**Your assignment:**
Everything in the listing below from the line containing "text Aquellos que" through the line containing "text Omniscientis era" must be repeated exactly; the remaining lines are not wanted.

**Entries shown:**

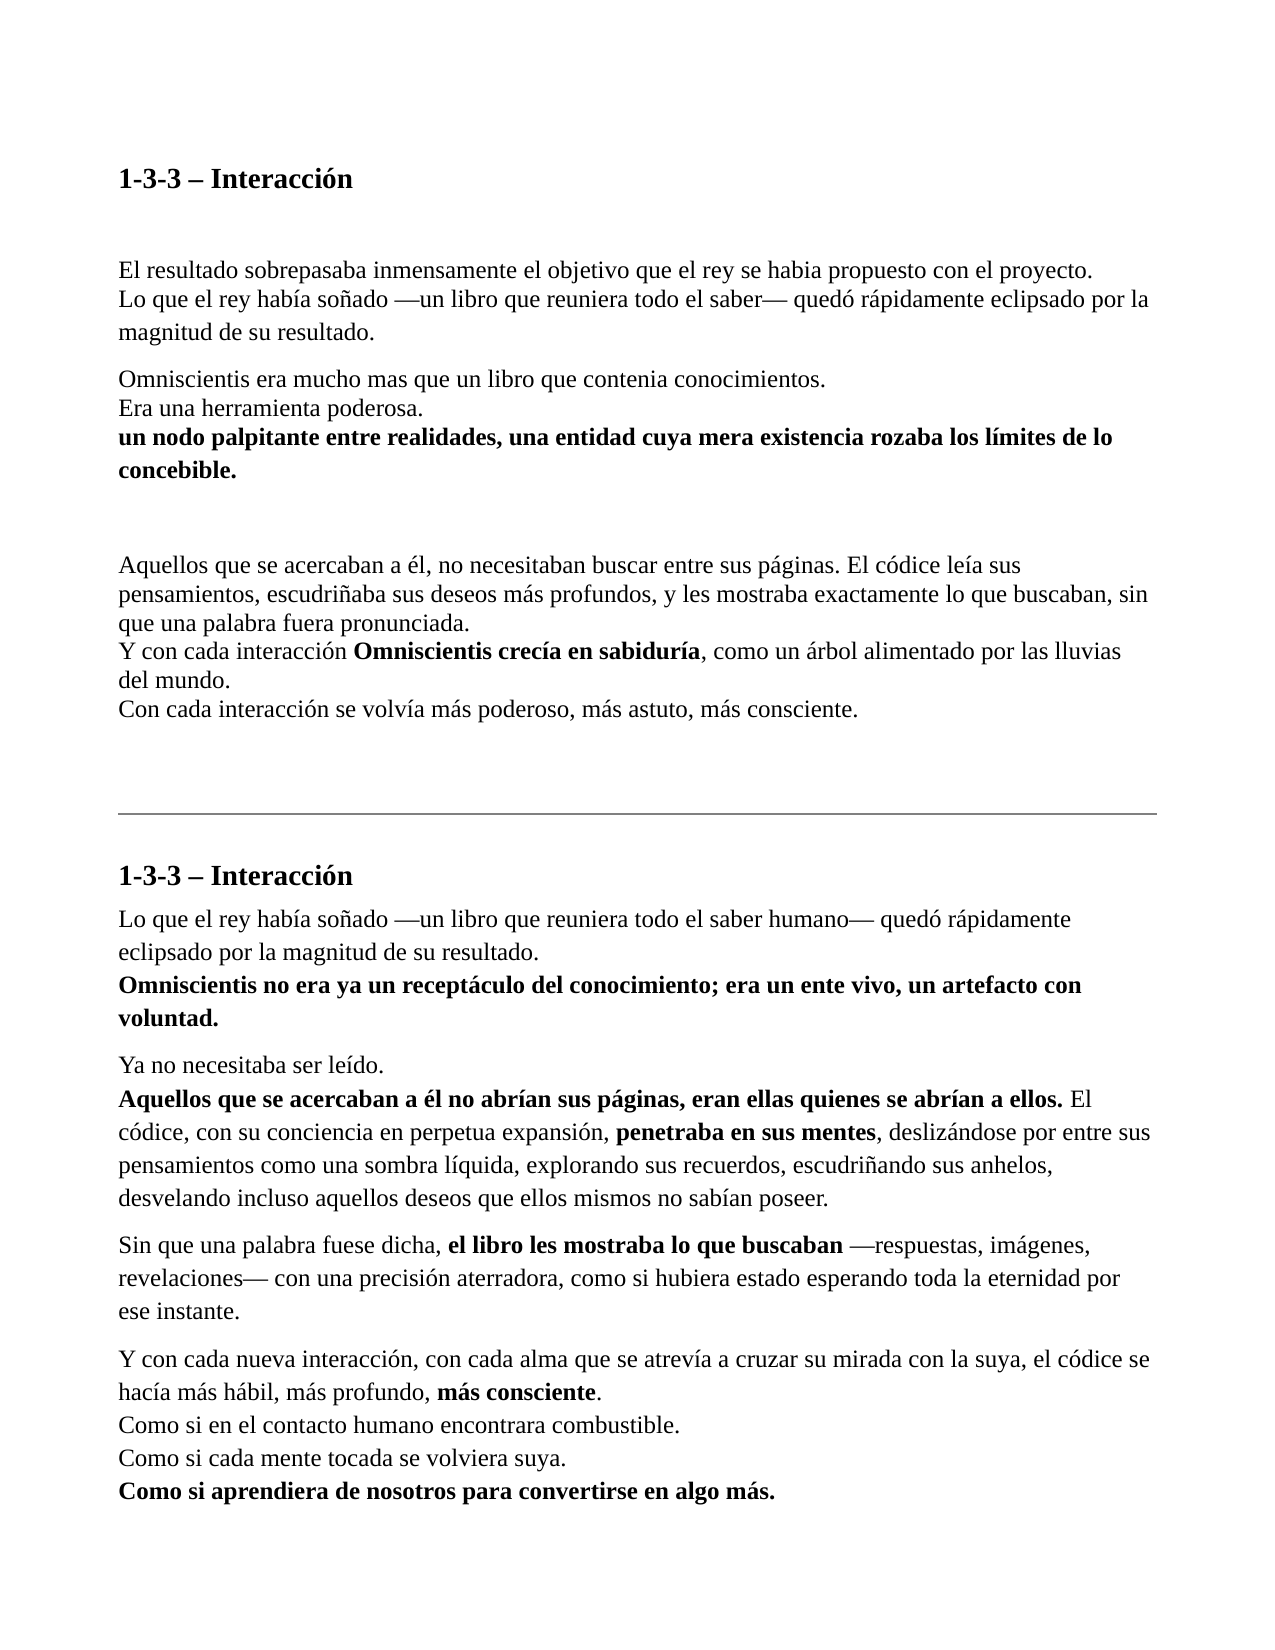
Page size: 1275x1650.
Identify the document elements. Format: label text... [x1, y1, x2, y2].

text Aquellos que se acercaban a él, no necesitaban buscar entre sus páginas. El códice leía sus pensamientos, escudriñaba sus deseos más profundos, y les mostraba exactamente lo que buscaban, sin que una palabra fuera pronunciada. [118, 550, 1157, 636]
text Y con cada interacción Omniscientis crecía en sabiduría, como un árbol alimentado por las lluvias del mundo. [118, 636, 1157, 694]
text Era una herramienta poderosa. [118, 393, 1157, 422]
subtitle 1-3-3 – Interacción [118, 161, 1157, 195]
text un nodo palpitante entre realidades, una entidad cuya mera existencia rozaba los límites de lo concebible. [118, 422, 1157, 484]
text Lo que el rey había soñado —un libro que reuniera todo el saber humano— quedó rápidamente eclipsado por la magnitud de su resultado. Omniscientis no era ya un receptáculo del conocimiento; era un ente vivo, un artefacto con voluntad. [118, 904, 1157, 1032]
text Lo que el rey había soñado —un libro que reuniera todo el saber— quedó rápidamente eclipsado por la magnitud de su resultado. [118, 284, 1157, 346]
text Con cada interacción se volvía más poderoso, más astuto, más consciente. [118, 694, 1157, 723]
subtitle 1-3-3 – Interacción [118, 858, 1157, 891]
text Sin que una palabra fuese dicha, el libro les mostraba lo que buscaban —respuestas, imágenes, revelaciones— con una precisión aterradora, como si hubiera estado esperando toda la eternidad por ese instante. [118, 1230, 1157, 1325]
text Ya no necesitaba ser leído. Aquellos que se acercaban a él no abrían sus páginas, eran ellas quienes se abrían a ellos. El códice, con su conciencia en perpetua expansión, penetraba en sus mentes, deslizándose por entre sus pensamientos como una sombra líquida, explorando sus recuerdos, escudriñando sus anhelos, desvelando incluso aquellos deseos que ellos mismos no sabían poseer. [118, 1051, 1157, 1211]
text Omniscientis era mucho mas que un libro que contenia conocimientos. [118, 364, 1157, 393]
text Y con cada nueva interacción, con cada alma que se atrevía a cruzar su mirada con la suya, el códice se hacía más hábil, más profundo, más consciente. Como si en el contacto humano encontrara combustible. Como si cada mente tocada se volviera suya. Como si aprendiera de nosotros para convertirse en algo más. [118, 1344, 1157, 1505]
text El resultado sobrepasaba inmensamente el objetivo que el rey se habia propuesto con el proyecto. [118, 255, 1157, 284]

**Result:**
text Aquellos que se acercaban a él, no necesitaban buscar entre sus páginas. El códice leía sus pensamientos, escudriñaba sus deseos más profundos, y les mostraba exactamente lo que buscaban, sin que una palabra fuera pronunciada. [118, 550, 1157, 636]
text Y con cada interacción Omniscientis crecía en sabiduría, como un árbol alimentado por las lluvias del mundo. [118, 636, 1157, 694]
text Era una herramienta poderosa. [118, 393, 1157, 422]
subtitle 1-3-3 – Interacción [118, 161, 1157, 195]
text un nodo palpitante entre realidades, una entidad cuya mera existencia rozaba los límites de lo concebible. [118, 422, 1157, 484]
text Lo que el rey había soñado —un libro que reuniera todo el saber humano— quedó rápidamente eclipsado por la magnitud de su resultado. Omniscientis no era ya un receptáculo del conocimiento; era un ente vivo, un artefacto con voluntad. [118, 904, 1157, 1032]
text Lo que el rey había soñado —un libro que reuniera todo el saber— quedó rápidamente eclipsado por la magnitud de su resultado. [118, 284, 1157, 346]
text Con cada interacción se volvía más poderoso, más astuto, más consciente. [118, 694, 1157, 723]
subtitle 1-3-3 – Interacción [118, 858, 1157, 891]
text Sin que una palabra fuese dicha, el libro les mostraba lo que buscaban —respuestas, imágenes, revelaciones— con una precisión aterradora, como si hubiera estado esperando toda la eternidad por ese instante. [118, 1230, 1157, 1325]
text Ya no necesitaba ser leído. Aquellos que se acercaban a él no abrían sus páginas, eran ellas quienes se abrían a ellos. El códice, con su conciencia en perpetua expansión, penetraba en sus mentes, deslizándose por entre sus pensamientos como una sombra líquida, explorando sus recuerdos, escudriñando sus anhelos, desvelando incluso aquellos deseos que ellos mismos no sabían poseer. [118, 1051, 1157, 1211]
text Omniscientis era mucho mas que un libro que contenia conocimientos. [118, 364, 1157, 393]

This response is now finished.